In order to deliver on that pledge, Airbus has since increased the use of composites and the overall program cost - now euro11.6 billion (US$15.4 billion), compared with the US$10.6 billion announced at Farnborough.
"You don't come out with a 'me-too' airplane five years later," Airbus' Leahy said as he unveiled the new specifications this month.
EADS says a large, unspecified share of that cost will be met from its own cash-flow and from cost-cutting at Airbus, while suppliers will be invited to contribute euro1.8 billion (US$2.4 billion) through risk-sharing investments.

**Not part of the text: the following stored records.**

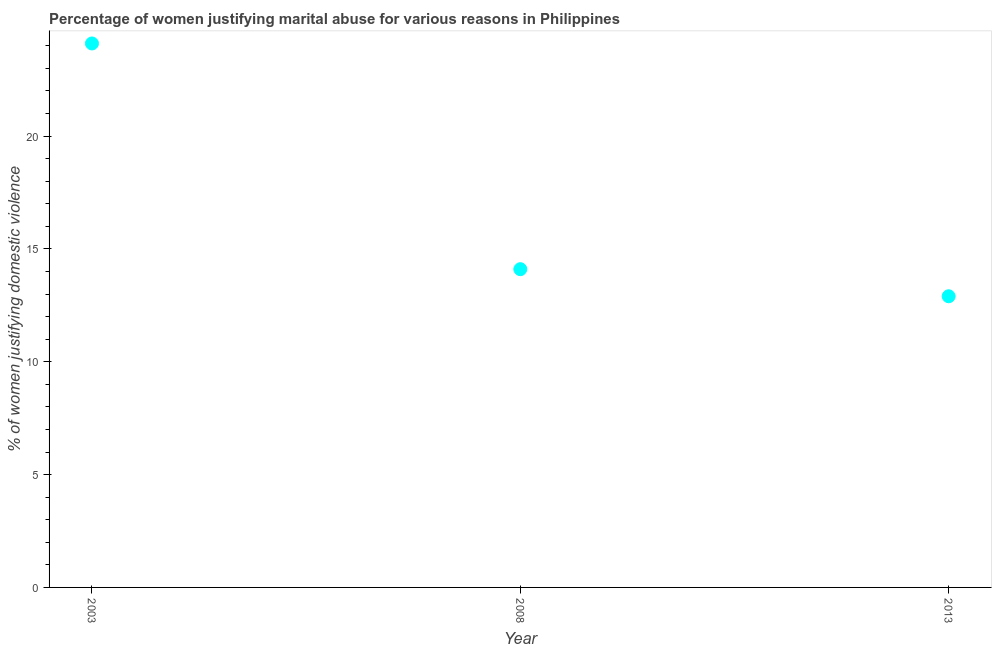What is the percentage of women justifying marital abuse in 2003?
Offer a terse response. 24.1. Across all years, what is the maximum percentage of women justifying marital abuse?
Offer a very short reply. 24.1. Across all years, what is the minimum percentage of women justifying marital abuse?
Keep it short and to the point. 12.9. In which year was the percentage of women justifying marital abuse maximum?
Keep it short and to the point. 2003. In which year was the percentage of women justifying marital abuse minimum?
Keep it short and to the point. 2013. What is the sum of the percentage of women justifying marital abuse?
Ensure brevity in your answer.  51.1. What is the difference between the percentage of women justifying marital abuse in 2003 and 2008?
Your answer should be very brief. 10. What is the average percentage of women justifying marital abuse per year?
Provide a succinct answer. 17.03. What is the median percentage of women justifying marital abuse?
Give a very brief answer. 14.1. In how many years, is the percentage of women justifying marital abuse greater than 18 %?
Your response must be concise. 1. What is the ratio of the percentage of women justifying marital abuse in 2003 to that in 2008?
Your answer should be very brief. 1.71. Is the percentage of women justifying marital abuse in 2003 less than that in 2008?
Provide a succinct answer. No. What is the difference between the highest and the second highest percentage of women justifying marital abuse?
Provide a short and direct response. 10. Is the sum of the percentage of women justifying marital abuse in 2003 and 2013 greater than the maximum percentage of women justifying marital abuse across all years?
Your answer should be compact. Yes. What is the difference between the highest and the lowest percentage of women justifying marital abuse?
Provide a short and direct response. 11.2. How many dotlines are there?
Keep it short and to the point. 1. What is the difference between two consecutive major ticks on the Y-axis?
Your answer should be very brief. 5. Are the values on the major ticks of Y-axis written in scientific E-notation?
Ensure brevity in your answer.  No. Does the graph contain any zero values?
Your response must be concise. No. What is the title of the graph?
Your answer should be very brief. Percentage of women justifying marital abuse for various reasons in Philippines. What is the label or title of the Y-axis?
Provide a succinct answer. % of women justifying domestic violence. What is the % of women justifying domestic violence in 2003?
Your answer should be compact. 24.1. What is the difference between the % of women justifying domestic violence in 2003 and 2013?
Provide a succinct answer. 11.2. What is the ratio of the % of women justifying domestic violence in 2003 to that in 2008?
Make the answer very short. 1.71. What is the ratio of the % of women justifying domestic violence in 2003 to that in 2013?
Your response must be concise. 1.87. What is the ratio of the % of women justifying domestic violence in 2008 to that in 2013?
Give a very brief answer. 1.09.

But the main EADS shareholders - DaimlerChrysler, Lagardere and the French government - have so far failed to agree on where the rest of the cash will come from.
EADS, Airbus and the governments of France, Germany, Britain and Spain must also decide what if any public aid the A350 program will receive. A renewed aid pledge could inflame a long-running EU-US trade dispute over subsidies to Boeing and Airbus.
With three years to go before the bulk of the A350 program costs kick in, it is the restructuring at Airbus that poses the more immediate challenge - and the bigger headache for 2007.
EADS co-CEO Louis Gallois, who also became Airbus chief executive in October, warned at the time of "painful" job cuts as Airbus seeks to save cash by rethinking its sprawling production lines - which traditionally split final assembly of each plane between France and Germany.
Airbus has still given no indication of where the A350 will be built. With the French and German governments already bristling over likely job cuts, the French presidential election in April could complicate Gallois' pledge to finalize the shake-up early in the year.
Forgeard's July ouster revived Franco-German cooperation within EADS but did not remove tensions inherent in the company's split structure.
Gallois, the new French co-chief executive, has said he sees little likelihood of changes to the management setup, despite the frustrations felt by both CEOs, who would "prefer to be alone." Later the same day, German co-chief executive Tom Enders predicted that EADS shareholders would eventually choose a single boss.
Airbus cannot afford any more of the infighting that produced the A380 catastrophe by undermining coordination between facilities in Toulouse and Hamburg, Germany.
Even in the market for smaller jets, which it still narrowly leads, Airbus has set itself a serious challenge: increasing production of single-aisle A320 planes by 20 percent in two years to meet delivery commitments and avoid more compensation payments to disgruntled customers.
The best news Airbus can hope for in 2007 - besides a successful A320 ramp-up, internal harmony and restraint from politicians as the company restructures - could be a slip by its Chicago-based rival.
Boeing warned in July that the 787 was facing weight problems and supplier delays but insisted the program was on budget. Since then, the company has announced $635 million in additional spending to pare the excess weight while - so far - maintaining its mid-2008 schedule for entry into service, with the first flight promised next year.
Boeing Commercial Airplanes chief executive Scott Carson admonished workers to "stay humble" about the company's newfound leadership, in a recent interview with an internal company magazine.
"The risk we face is thinking we are doing well and can relax," he said.